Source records
···

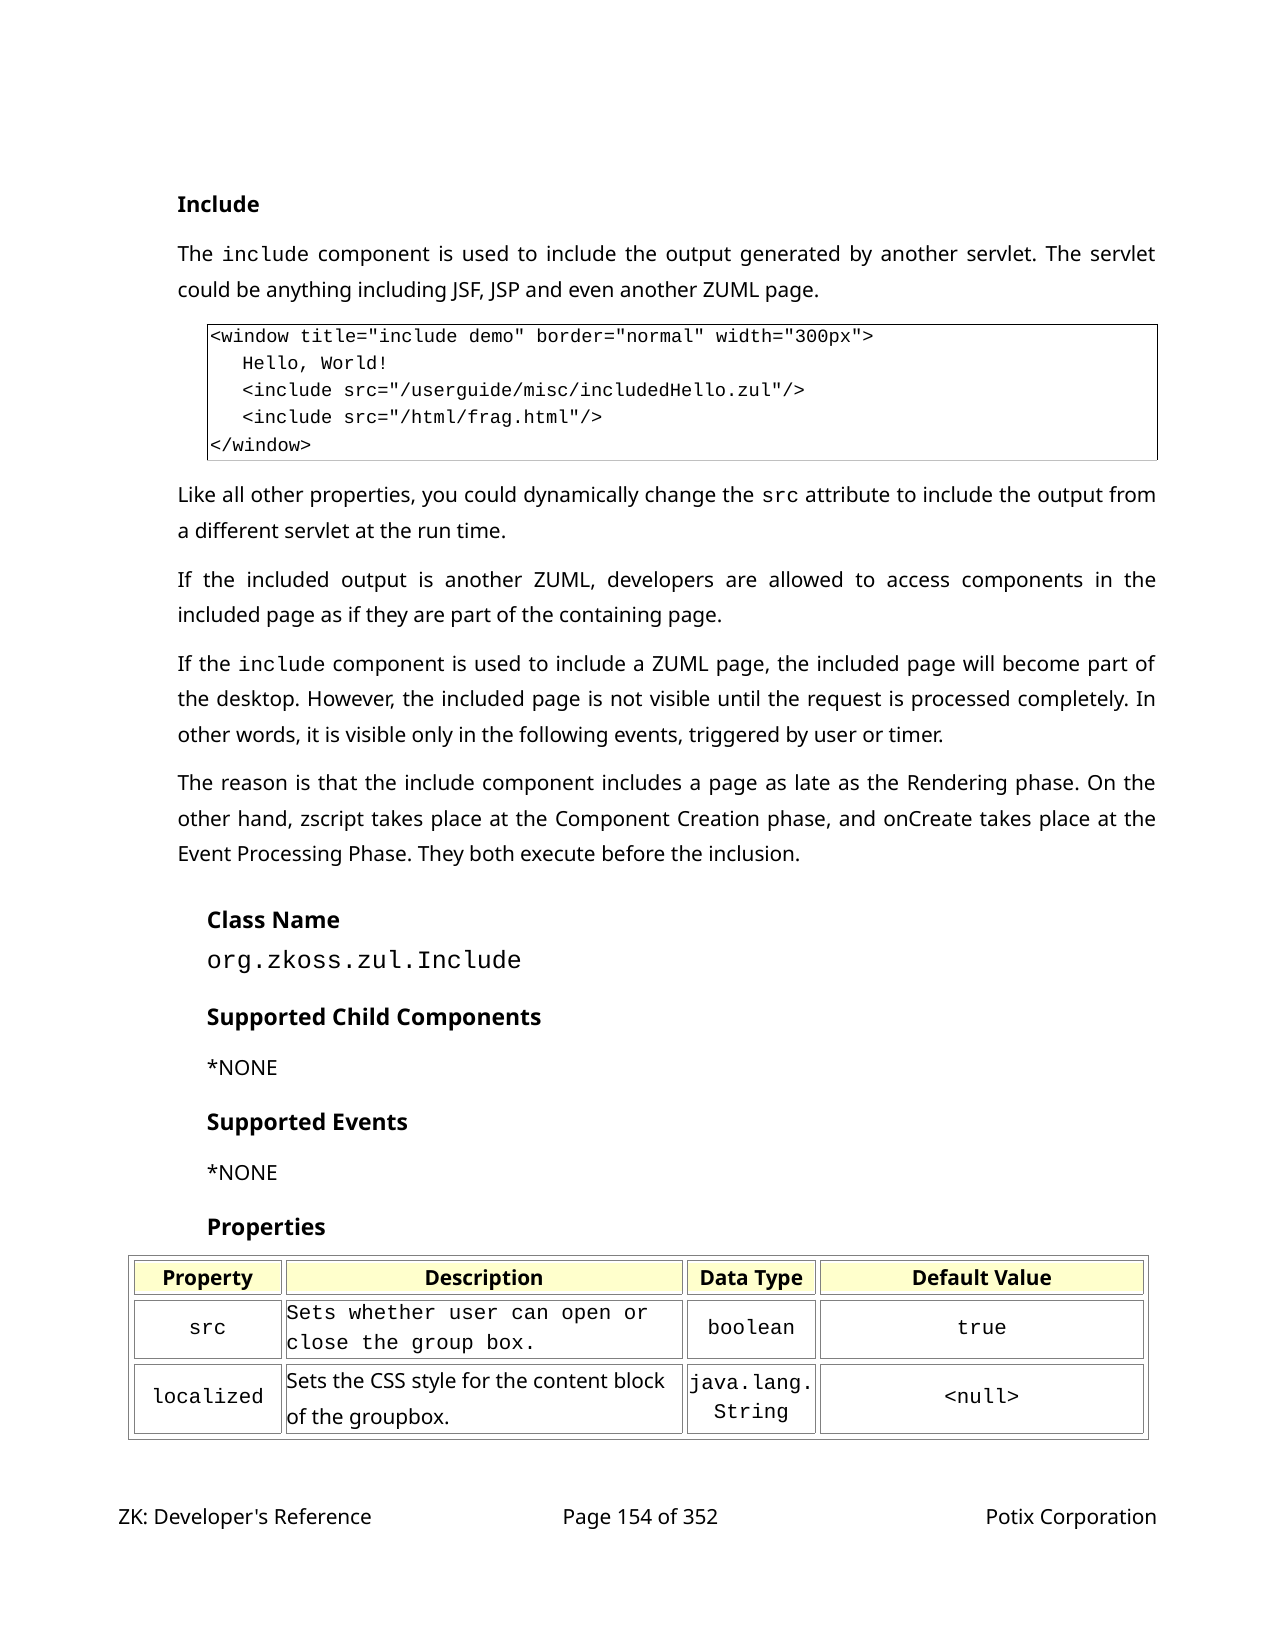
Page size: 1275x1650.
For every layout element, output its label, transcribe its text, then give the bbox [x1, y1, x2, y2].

text <window title="include demo" border="normal" width="300px"> [208, 325, 1157, 348]
text The include component is used to include the output generated by another servlet. The servlet could be anything including JSF, JSP and even another ZUML page. [177, 239, 1157, 303]
table_header Data Type [685, 1256, 817, 1294]
table_cell Sets whether user can open or close the group box. [283, 1294, 685, 1358]
text org.zkoss.zul.Include [207, 947, 1157, 976]
table_cell boolean [685, 1294, 817, 1358]
text Hello, World! [208, 351, 1157, 375]
subtitle Class Name [207, 904, 1157, 935]
text If the include component is used to include a ZUML page, the included page will become part of the desktop. However, the included page is not visible until the request is processed completely. In other words, it is visible only in the following events, triggered by user or timer. [177, 649, 1157, 748]
table_cell <null> [818, 1358, 1146, 1433]
table_header Property [131, 1256, 283, 1294]
text Like all other properties, you could dynamically change the src attribute to include the output from a different servlet at the run time. [177, 481, 1157, 544]
text </window> [208, 433, 1157, 460]
table_header Description [283, 1256, 685, 1294]
subtitle Include [177, 189, 1157, 219]
text <include src="/userguide/misc/includedHello.zul"/> [208, 378, 1157, 402]
table_cell Sets the CSS style for the content block of the groupbox. [283, 1358, 685, 1433]
subtitle Supported Child Components [207, 1001, 1157, 1032]
table_header Default Value [818, 1256, 1146, 1294]
subtitle Properties [207, 1211, 1157, 1242]
text The reason is that the include component includes a page as late as the Rendering phase. On the other hand, zscript takes place at the Component Creation phase, and onCreate takes place at the Event Processing Phase. They both execute before the inclusion. [177, 768, 1157, 867]
subtitle Supported Events [207, 1106, 1157, 1137]
table_cell src [131, 1294, 283, 1358]
table_cell java.lang.String [685, 1358, 817, 1433]
text *NONE [207, 1158, 1157, 1186]
table_cell true [818, 1294, 1146, 1358]
text *NONE [207, 1053, 1157, 1081]
text <include src="/html/frag.html"/> [208, 405, 1157, 430]
text If the included output is another ZUML, developers are allowed to access components in the included page as if they are part of the containing page. [177, 565, 1157, 628]
table_cell localized [131, 1358, 283, 1433]

···

**Task brief**
Exact repeat, pictures omitted: give every line from the top of the records down to and including the line with "table_header Data Type [685, 1256, 817, 1294]".

**Exercise solution**
Page size: 1275x1650.
For every layout element, output its label, transcribe its text, then give the bbox [x1, y1, x2, y2].

text <window title="include demo" border="normal" width="300px"> [208, 325, 1157, 348]
text The include component is used to include the output generated by another servlet. The servlet could be anything including JSF, JSP and even another ZUML page. [177, 239, 1157, 303]
table_header Data Type [685, 1256, 817, 1294]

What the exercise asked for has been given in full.